Product of the edges is distinct We have a complete graph with $n\geq 3$ vertices. Show that we can label the edges with $1,2$, or $3$ so that the product of the edges is distinct at every vertex. For $n=3$ this is obvious. For larger $n$ I'm not sure how to apply the induction hypothesis, as we don't know what the distinct products are.
 A: Here is one possible way to do the induction. (The key idea is that, even if we don't know what the distinct products are, by labeling edges judiciously, we can always ensure that either none of the products is a power of 2 or none of the products is a power of 3). 
You've already noted that the base case for $n=3$ is obvious (use all three labels). We will also need the following base case for $n=4$: take the base case for $n=3$, add a fourth vertex, and connect it to all the existing vertices with edges labelled '2'. Then note that the products at the vertices are now 4, 6, 12, and 8. 
Note that these products are a) distinct, and b) contain no power of 3. We will now prove a stronger claim by induction: namely, for each $n \geq 4$, there exists a complete graph on $n$ vertices with labels in $\{1, 2, 3\}$ such that the vertex products are distinct and either don't include a power of $2$ or don't include a power of $3$.

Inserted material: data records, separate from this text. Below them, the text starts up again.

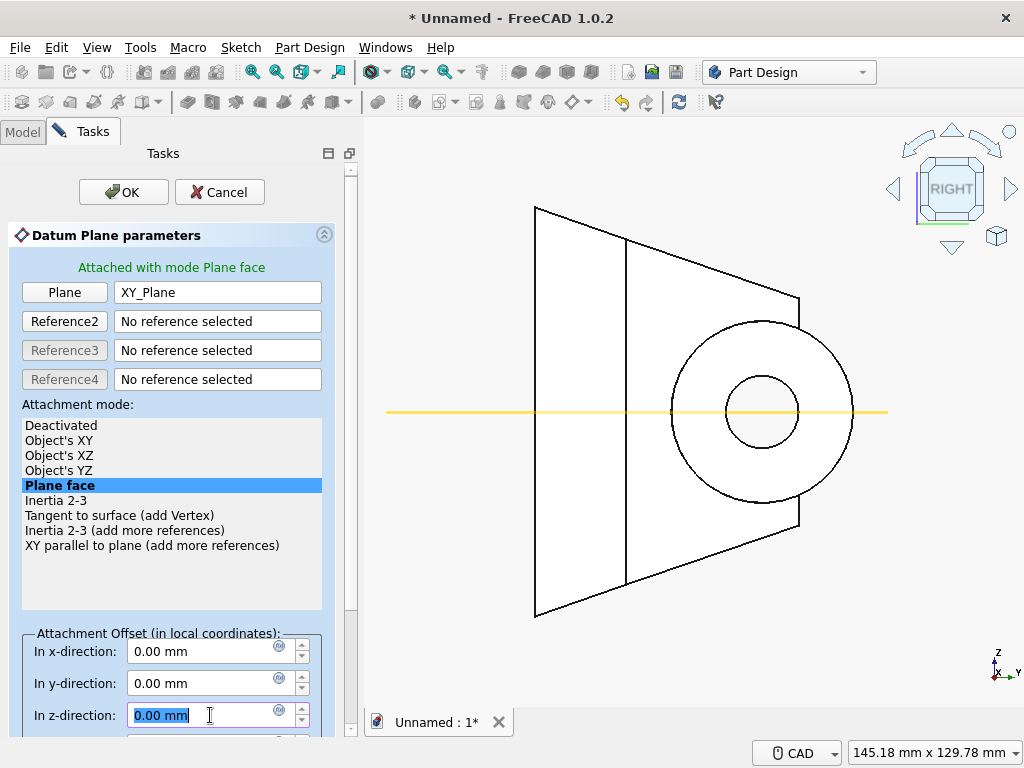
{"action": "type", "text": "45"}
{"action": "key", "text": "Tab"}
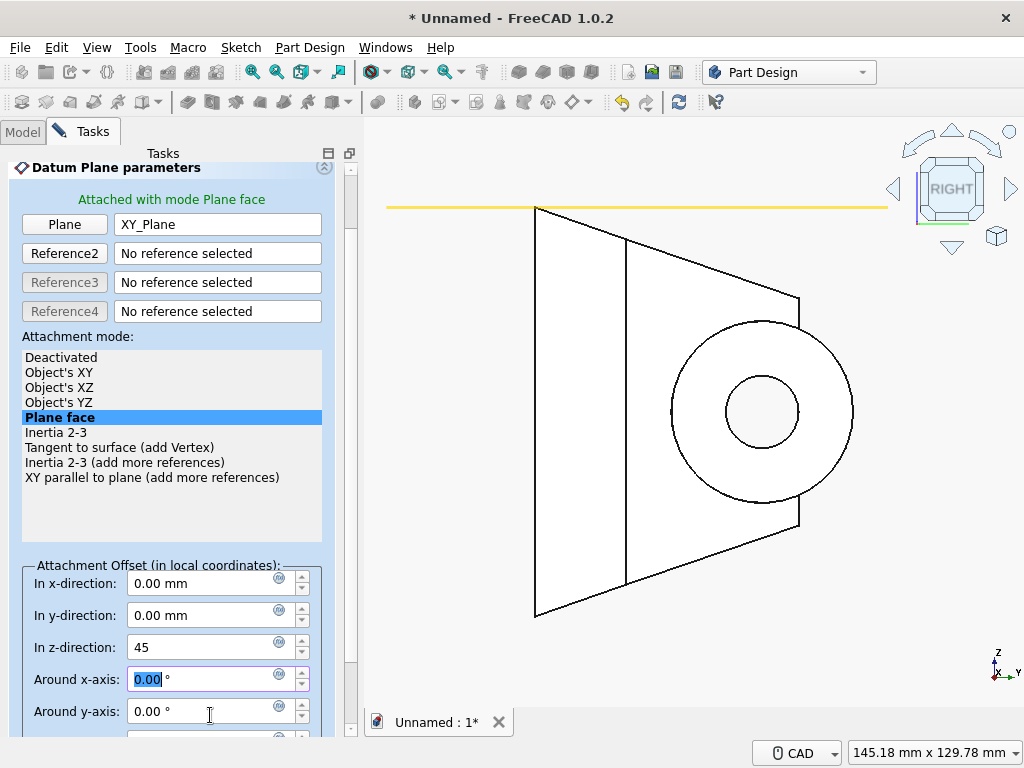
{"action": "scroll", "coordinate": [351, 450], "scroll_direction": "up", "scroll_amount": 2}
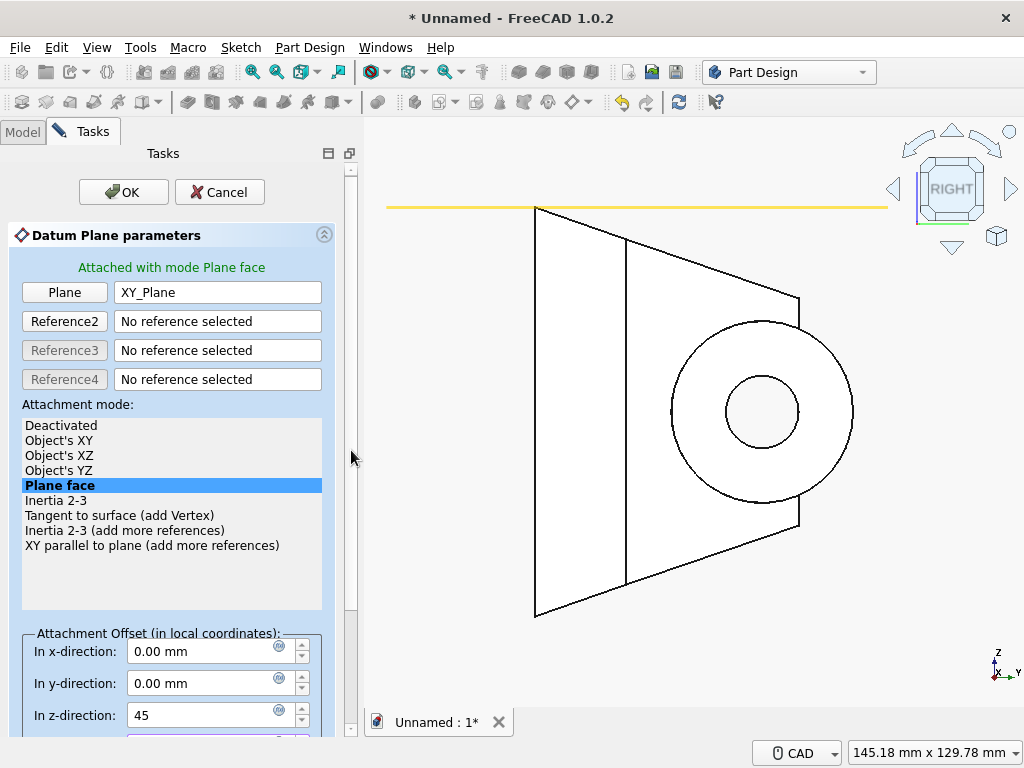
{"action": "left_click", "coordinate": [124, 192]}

We've shown the base case for $n=4$, so it remains to show the inductive step. Assume we have a graph on $n$ vertices whose vertex products don't contain a power of $3$. Then, by adding an $n+1$th vertex and connecting it to the existing $n$ vertices with edges labelled '3', we multiply each of the existing $n$ vertex products by 3. Since they were originally distinct, they are still distinct; furthermore, since they are now divisible by 3, they cannot be powers of 2, and since they were originally not powers of 3, they cannot be powers of 3. Our new vertex has the product $3^n$ and is a power of 3, so it does not equal the product at any other vertex (and is not a power of 2). 
A similar argument works for the case where the vertex products don't contain a power of 2 (namely, connect a new vertex to all vertices with edges labelled '2'). This completes the proof.
A: Hint: given a complete graph on $n$ nodes, we can construct a complete graph on $n + 1$ nodes by adding one more node and connecting it to all the others.